= Stored items from a collection =
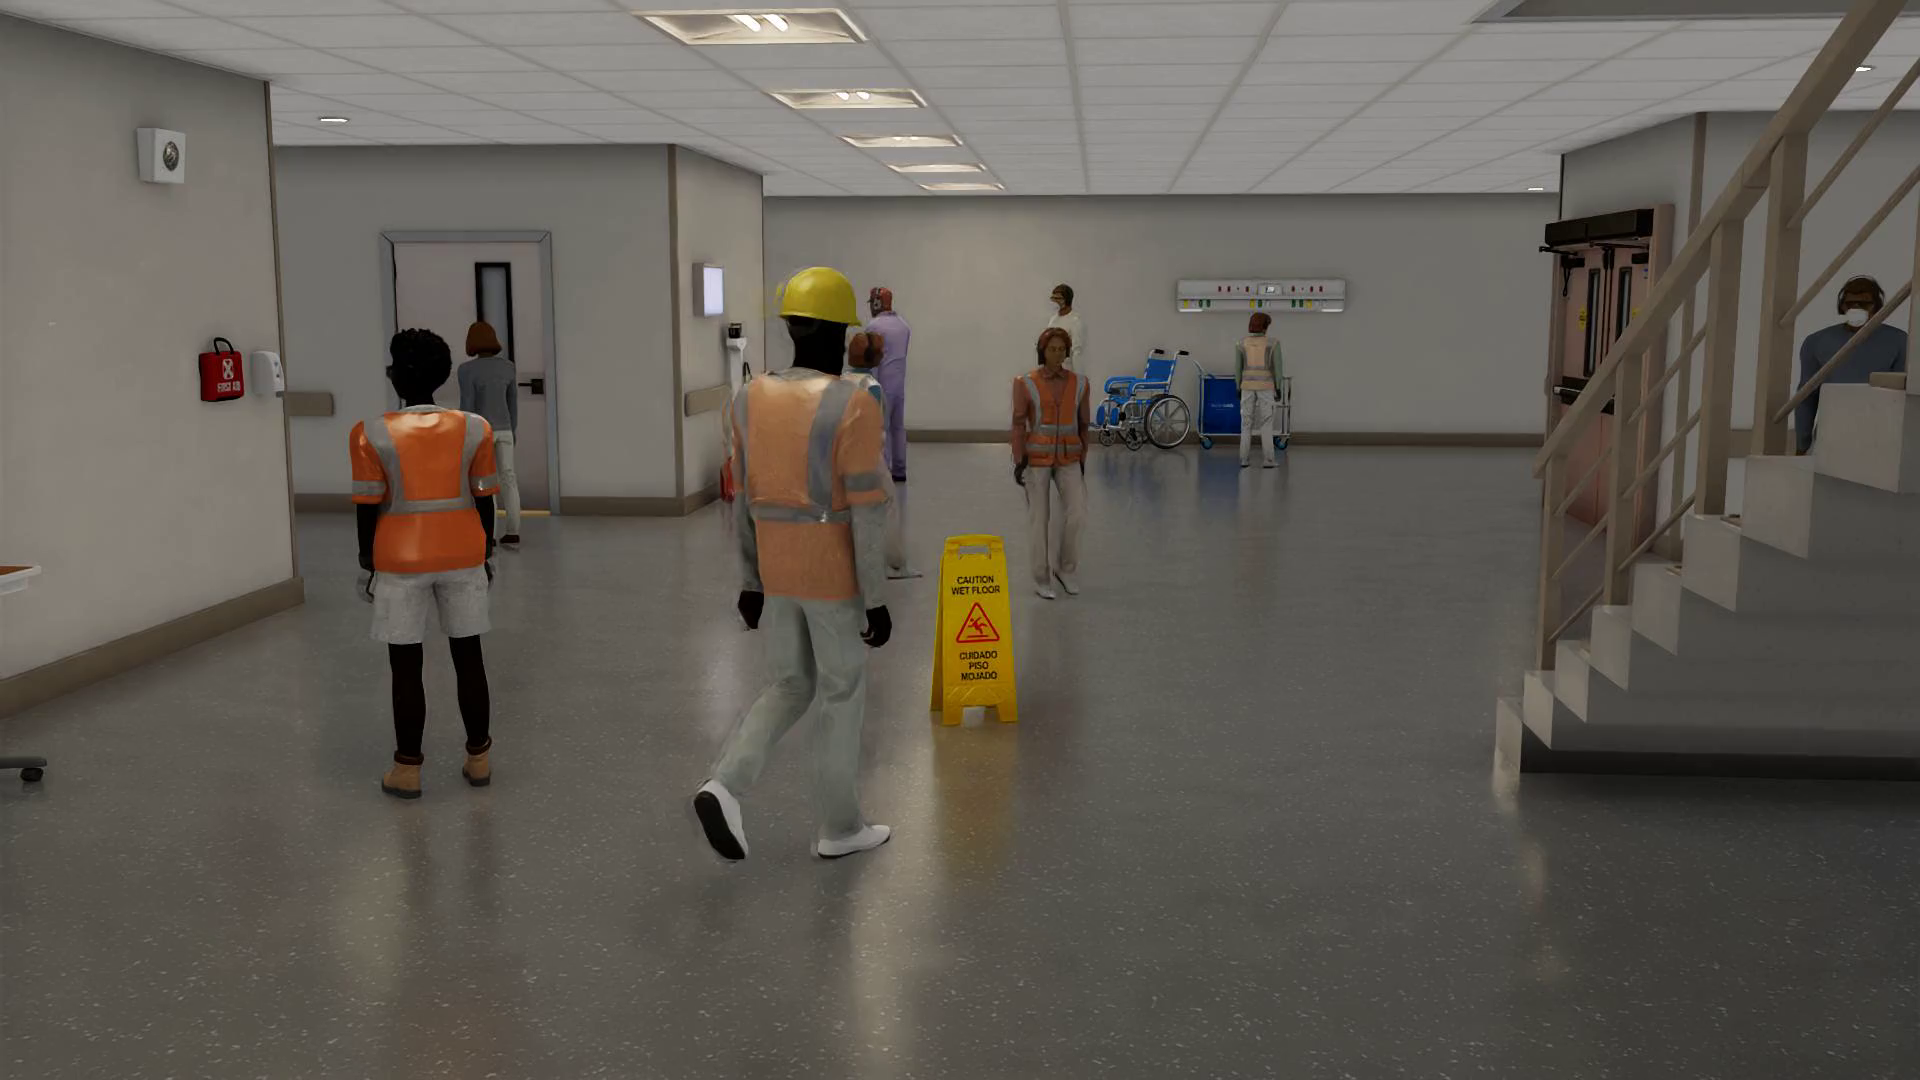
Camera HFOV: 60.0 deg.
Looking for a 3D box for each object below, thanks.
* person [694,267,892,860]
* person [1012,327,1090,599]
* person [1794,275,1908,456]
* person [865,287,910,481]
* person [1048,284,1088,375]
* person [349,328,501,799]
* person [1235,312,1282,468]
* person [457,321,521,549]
[{"bbox_3d":[-0.499,0.105,5.198,0.589,1.907,0.652,7,11,38],"label":"person"},{"bbox_3d":[0.546,-0.445,9.906,0.520,1.626,0.382,-2,9,-13],"label":"person"},{"bbox_3d":[5.132,-0.547,9.583,0.629,1.930,0.388,7,11,40],"label":"person"},{"bbox_3d":[-0.743,-1.487,16.070,0.398,1.900,0.648,5,10,29],"label":"person"},{"bbox_3d":[1.078,-1.636,16.945,0.364,1.936,0.629,-4,9,-25],"label":"person"},{"bbox_3d":[-1.930,0.085,6.038,0.538,1.700,0.317,-6,10,-34],"label":"person"},{"bbox_3d":[3.139,-1.570,17.500,0.512,1.638,0.312,5,10,28],"label":"person"},{"bbox_3d":[-3.382,-0.748,11.925,0.284,1.632,0.502,6,10,35],"label":"person"}]

= What you will do =
Transcribe all the lines above exactly; any image among them is skipped.

= Answer box =
Camera HFOV: 60.0 deg.
Looking for a 3D box for each object below, thanks.
* person [694,267,892,860]
* person [1012,327,1090,599]
* person [1794,275,1908,456]
* person [865,287,910,481]
* person [1048,284,1088,375]
* person [349,328,501,799]
* person [1235,312,1282,468]
* person [457,321,521,549]
[{"bbox_3d":[-0.499,0.105,5.198,0.589,1.907,0.652,7,11,38],"label":"person"},{"bbox_3d":[0.546,-0.445,9.906,0.520,1.626,0.382,-2,9,-13],"label":"person"},{"bbox_3d":[5.132,-0.547,9.583,0.629,1.930,0.388,7,11,40],"label":"person"},{"bbox_3d":[-0.743,-1.487,16.070,0.398,1.900,0.648,5,10,29],"label":"person"},{"bbox_3d":[1.078,-1.636,16.945,0.364,1.936,0.629,-4,9,-25],"label":"person"},{"bbox_3d":[-1.930,0.085,6.038,0.538,1.700,0.317,-6,10,-34],"label":"person"},{"bbox_3d":[3.139,-1.570,17.500,0.512,1.638,0.312,5,10,28],"label":"person"},{"bbox_3d":[-3.382,-0.748,11.925,0.284,1.632,0.502,6,10,35],"label":"person"}]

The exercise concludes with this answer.